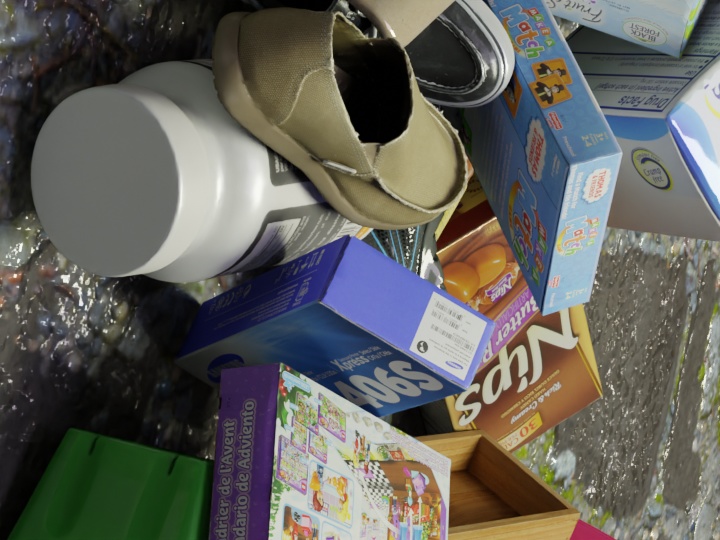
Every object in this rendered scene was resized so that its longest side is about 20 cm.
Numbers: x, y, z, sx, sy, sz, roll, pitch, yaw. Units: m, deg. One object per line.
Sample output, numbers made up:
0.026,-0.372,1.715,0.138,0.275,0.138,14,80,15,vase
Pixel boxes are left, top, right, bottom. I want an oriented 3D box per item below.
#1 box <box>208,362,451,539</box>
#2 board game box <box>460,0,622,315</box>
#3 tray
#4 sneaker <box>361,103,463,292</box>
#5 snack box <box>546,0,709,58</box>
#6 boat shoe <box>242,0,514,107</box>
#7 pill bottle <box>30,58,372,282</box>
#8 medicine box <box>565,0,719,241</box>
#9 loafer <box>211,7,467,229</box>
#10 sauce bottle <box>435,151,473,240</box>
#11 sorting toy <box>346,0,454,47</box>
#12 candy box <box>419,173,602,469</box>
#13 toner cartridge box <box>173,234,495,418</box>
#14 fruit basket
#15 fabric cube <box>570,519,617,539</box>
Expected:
-0.013,0.143,1.248,0.200,0.039,0.137,35,53,-55,box
0.088,-0.097,1.353,0.037,0.200,0.151,-15,149,-12,board game box
0.036,0.148,1.467,0.200,0.099,0.037,-1,121,-46,tray
0.008,-0.044,1.342,0.082,0.073,0.200,-5,103,-26,sneaker
0.154,-0.234,1.462,0.200,0.168,0.068,-57,164,-45,snack box
-0.007,-0.143,1.245,0.072,0.200,0.068,-51,-168,24,boat shoe
-0.074,-0.055,1.232,0.200,0.116,0.117,-11,111,-58,pill bottle
0.222,-0.122,1.483,0.200,0.182,0.103,-43,114,-19,medicine box
0.004,-0.074,1.186,0.200,0.067,0.076,26,62,-53,loafer
0.000,0.000,1.427,0.200,0.066,0.066,-60,146,-20,sauce bottle
-0.004,-0.230,1.239,0.185,0.200,0.036,-46,178,-42,sorting toy
0.086,0.031,1.552,0.117,0.056,0.200,-31,134,-15,candy box
-0.018,0.040,1.267,0.095,0.200,0.043,32,67,-16,toner cartridge box
-0.094,0.200,1.258,0.216,0.155,0.216,-26,122,-54,fruit basket
0.092,0.278,1.532,0.199,0.196,0.200,-10,122,-58,fabric cube
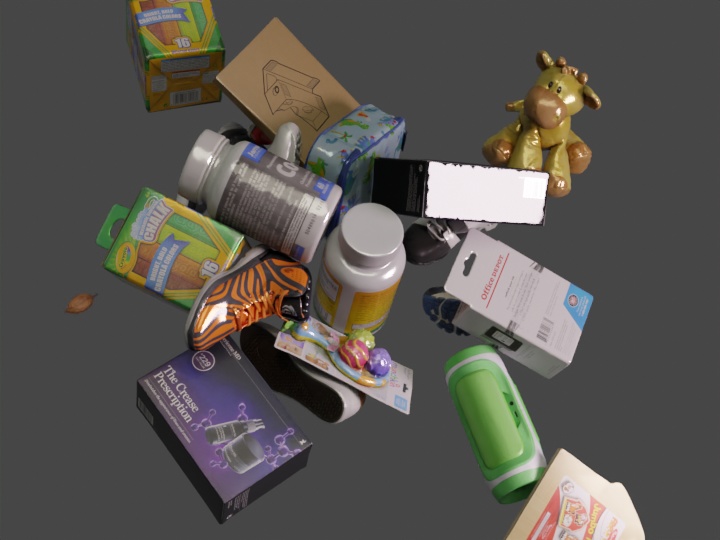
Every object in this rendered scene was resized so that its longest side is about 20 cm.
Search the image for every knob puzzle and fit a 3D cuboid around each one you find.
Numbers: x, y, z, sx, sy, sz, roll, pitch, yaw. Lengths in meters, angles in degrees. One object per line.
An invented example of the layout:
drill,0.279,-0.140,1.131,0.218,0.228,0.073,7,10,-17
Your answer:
knob puzzle,0.280,0.357,1.421,0.217,0.030,0.223,3,80,-18

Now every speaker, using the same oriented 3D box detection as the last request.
speaker,0.180,0.204,1.487,0.087,0.089,0.202,-12,61,-17

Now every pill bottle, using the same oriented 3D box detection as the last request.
pill bottle,0.000,0.000,1.512,0.111,0.201,0.114,5,57,-7
pill bottle,-0.133,-0.101,1.471,0.198,0.114,0.114,26,57,-1

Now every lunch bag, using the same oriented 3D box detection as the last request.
lunch bag,-0.012,-0.138,1.604,0.082,0.162,0.200,26,35,15

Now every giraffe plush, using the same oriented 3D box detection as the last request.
giraffe plush,0.299,-0.242,1.742,0.171,0.163,0.201,19,57,3

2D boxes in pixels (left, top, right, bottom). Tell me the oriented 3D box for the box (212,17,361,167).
box,-0.099,-0.252,1.627,0.200,0.021,0.164,45,52,-11

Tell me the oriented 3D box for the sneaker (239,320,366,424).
sneaker,-0.078,0.135,1.507,0.199,0.073,0.084,38,23,23

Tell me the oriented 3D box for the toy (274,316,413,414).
toy,-0.012,0.105,1.487,0.198,0.048,0.115,25,26,-6

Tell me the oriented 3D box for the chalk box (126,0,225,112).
chalk box,-0.294,-0.368,1.727,0.123,0.124,0.202,-11,61,-17

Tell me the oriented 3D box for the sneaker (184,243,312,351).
sneaker,-0.132,0.043,1.424,0.111,0.078,0.200,22,48,23

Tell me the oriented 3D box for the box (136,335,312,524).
box,-0.177,0.197,1.432,0.140,0.079,0.200,-30,67,-28

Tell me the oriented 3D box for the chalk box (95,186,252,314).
chalk box,-0.263,-0.026,1.505,0.198,0.124,0.125,25,82,5

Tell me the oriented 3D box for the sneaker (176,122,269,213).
sneaker,-0.187,-0.129,1.633,0.113,0.076,0.201,24,54,8

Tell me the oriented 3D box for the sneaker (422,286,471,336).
sneaker,0.180,0.043,1.604,0.198,0.077,0.086,8,50,-16

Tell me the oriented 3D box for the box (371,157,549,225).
box,0.134,-0.108,1.517,0.198,0.141,0.080,2,98,-28

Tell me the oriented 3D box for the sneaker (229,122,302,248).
sneaker,-0.134,-0.118,1.571,0.080,0.202,0.077,19,26,4

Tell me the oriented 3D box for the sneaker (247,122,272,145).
sneaker,-0.074,-0.205,1.673,0.198,0.077,0.085,-6,53,-38

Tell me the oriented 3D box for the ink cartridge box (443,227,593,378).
ink cartridge box,0.204,0.044,1.520,0.199,0.067,0.117,30,61,-5

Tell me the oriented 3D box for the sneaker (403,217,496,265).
sneaker,0.141,-0.082,1.660,0.199,0.089,0.074,-31,69,-24
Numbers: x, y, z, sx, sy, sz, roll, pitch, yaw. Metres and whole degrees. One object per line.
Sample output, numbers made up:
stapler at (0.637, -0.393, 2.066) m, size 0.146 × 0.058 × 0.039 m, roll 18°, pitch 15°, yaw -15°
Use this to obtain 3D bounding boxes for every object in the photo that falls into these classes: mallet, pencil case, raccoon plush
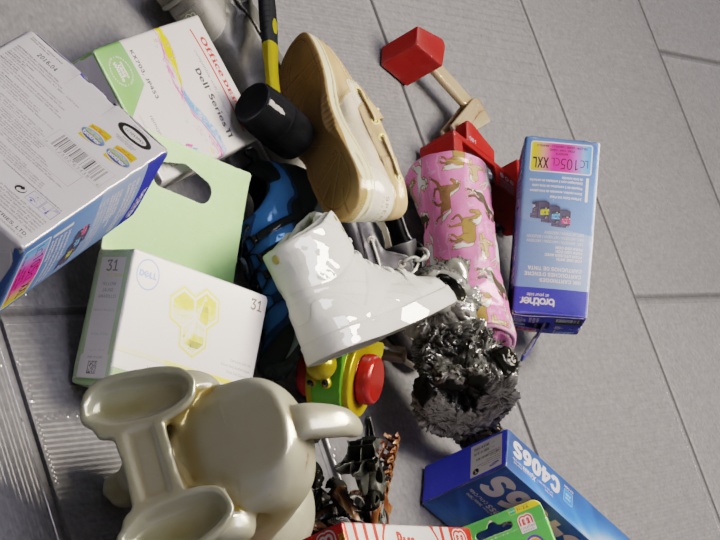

→ Brief:
Only an exact copy of the lines from the top of the entries through the line with "#4 sneaker <box>361,103,463,292</box>", both included, should be given, with all pictures omitted.

→ Answer space:
Every object in this rendered scene was resized so that its longest side is about 20 cm.
Numbers: x, y, z, sx, sy, sz, roll, pitch, yaw. Units: m, deg. One object per line.
Sample output, numbers made up:
0.026,-0.372,1.715,0.138,0.275,0.138,14,80,15,vase
Pixel boxes are left, top, right, bottom. I want an oriented 3D box per item below.
#1 box <box>208,362,451,539</box>
#2 board game box <box>460,0,622,315</box>
#3 tray
#4 sneaker <box>361,103,463,292</box>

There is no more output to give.